EXERCISE DATA START

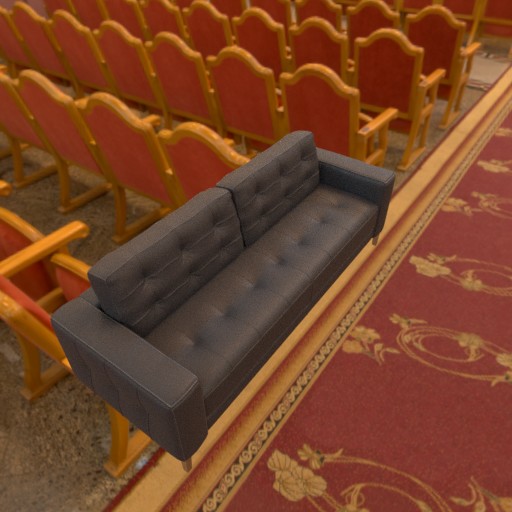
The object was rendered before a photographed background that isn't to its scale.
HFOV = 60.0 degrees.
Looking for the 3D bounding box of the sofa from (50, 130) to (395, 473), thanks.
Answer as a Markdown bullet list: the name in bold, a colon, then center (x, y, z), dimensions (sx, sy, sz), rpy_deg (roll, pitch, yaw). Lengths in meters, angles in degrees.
- **sofa**: center (0.000, 0.000, 2.725), dimensions (0.833, 0.893, 2.275), rpy_deg (26, 47, 26)
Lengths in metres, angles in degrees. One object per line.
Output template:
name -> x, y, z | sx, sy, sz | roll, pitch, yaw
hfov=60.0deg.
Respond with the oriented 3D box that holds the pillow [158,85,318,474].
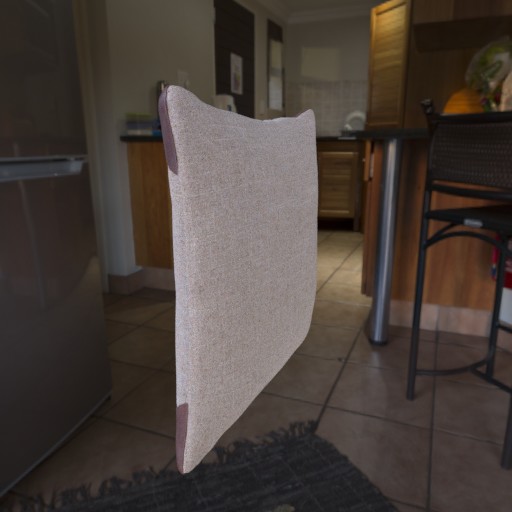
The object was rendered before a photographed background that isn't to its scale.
pillow -> 0.000, 0.000, 0.672 | 0.147, 0.448, 0.437 | 7, 17, 24
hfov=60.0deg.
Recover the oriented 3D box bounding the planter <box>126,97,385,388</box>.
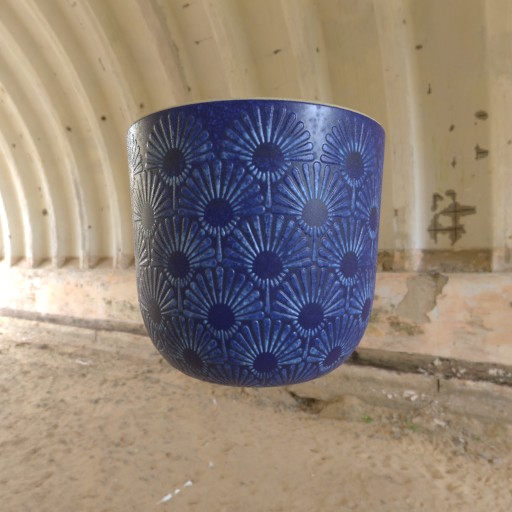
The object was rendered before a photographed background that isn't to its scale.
[{"bbox_3d":[0.000,0.000,0.367,0.206,0.190,0.206,0,-1,0],"label":"planter"}]
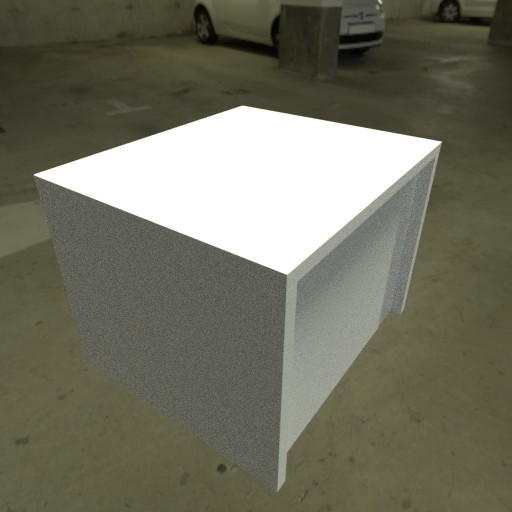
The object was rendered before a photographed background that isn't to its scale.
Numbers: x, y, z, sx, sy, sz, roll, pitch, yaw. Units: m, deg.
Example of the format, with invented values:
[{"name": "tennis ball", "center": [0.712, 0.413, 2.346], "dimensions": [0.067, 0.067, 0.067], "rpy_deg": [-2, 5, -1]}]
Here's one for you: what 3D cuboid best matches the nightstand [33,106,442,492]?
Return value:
[{"name": "nightstand", "center": [0.000, 0.000, 0.756], "dimensions": [0.408, 0.351, 0.470], "rpy_deg": [21, 38, 30]}]

EXERCISE DATA END

● TASK DIRECTIONS: Restate the lines above exactly, from the one bearing "HFOV = 60.0 degrees." through the final line of the material, both included, omitting pictures.

● EXERCISE OUTPUT:
HFOV = 60.0 degrees.
Looking for the 3D bounding box of the sofa from (50, 130) to (395, 473), thanks.
Answer as a Markdown bullet list: the name in bold, a colon, then center (x, y, z), dimensions (sx, sy, sz), rpy_deg (roll, pitch, yaw). Lengths in meters, angles in degrees.
- **sofa**: center (0.000, 0.000, 2.725), dimensions (0.833, 0.893, 2.275), rpy_deg (26, 47, 26)
Lengths in metres, angles in degrees. One object per line.
Output template:
name -> x, y, z | sx, sy, sz | roll, pitch, yaw
hfov=60.0deg.
Respond with the oriented 3D box that holds the pillow [158,85,318,474].
The object was rendered before a photographed background that isn't to its scale.
pillow -> 0.000, 0.000, 0.672 | 0.147, 0.448, 0.437 | 7, 17, 24
hfov=60.0deg.
Recover the oriented 3D box bounding the planter <box>126,97,385,388</box>.
The object was rendered before a photographed background that isn't to its scale.
[{"bbox_3d":[0.000,0.000,0.367,0.206,0.190,0.206,0,-1,0],"label":"planter"}]
The object was rendered before a photographed background that isn't to its scale.
Numbers: x, y, z, sx, sy, sz, roll, pitch, yaw. Units: m, deg.
Example of the format, with invented values:
[{"name": "tennis ball", "center": [0.712, 0.413, 2.346], "dimensions": [0.067, 0.067, 0.067], "rpy_deg": [-2, 5, -1]}]
Here's one for you: what 3D cuboid best matches the nightstand [33,106,442,492]?
Return value:
[{"name": "nightstand", "center": [0.000, 0.000, 0.756], "dimensions": [0.408, 0.351, 0.470], "rpy_deg": [21, 38, 30]}]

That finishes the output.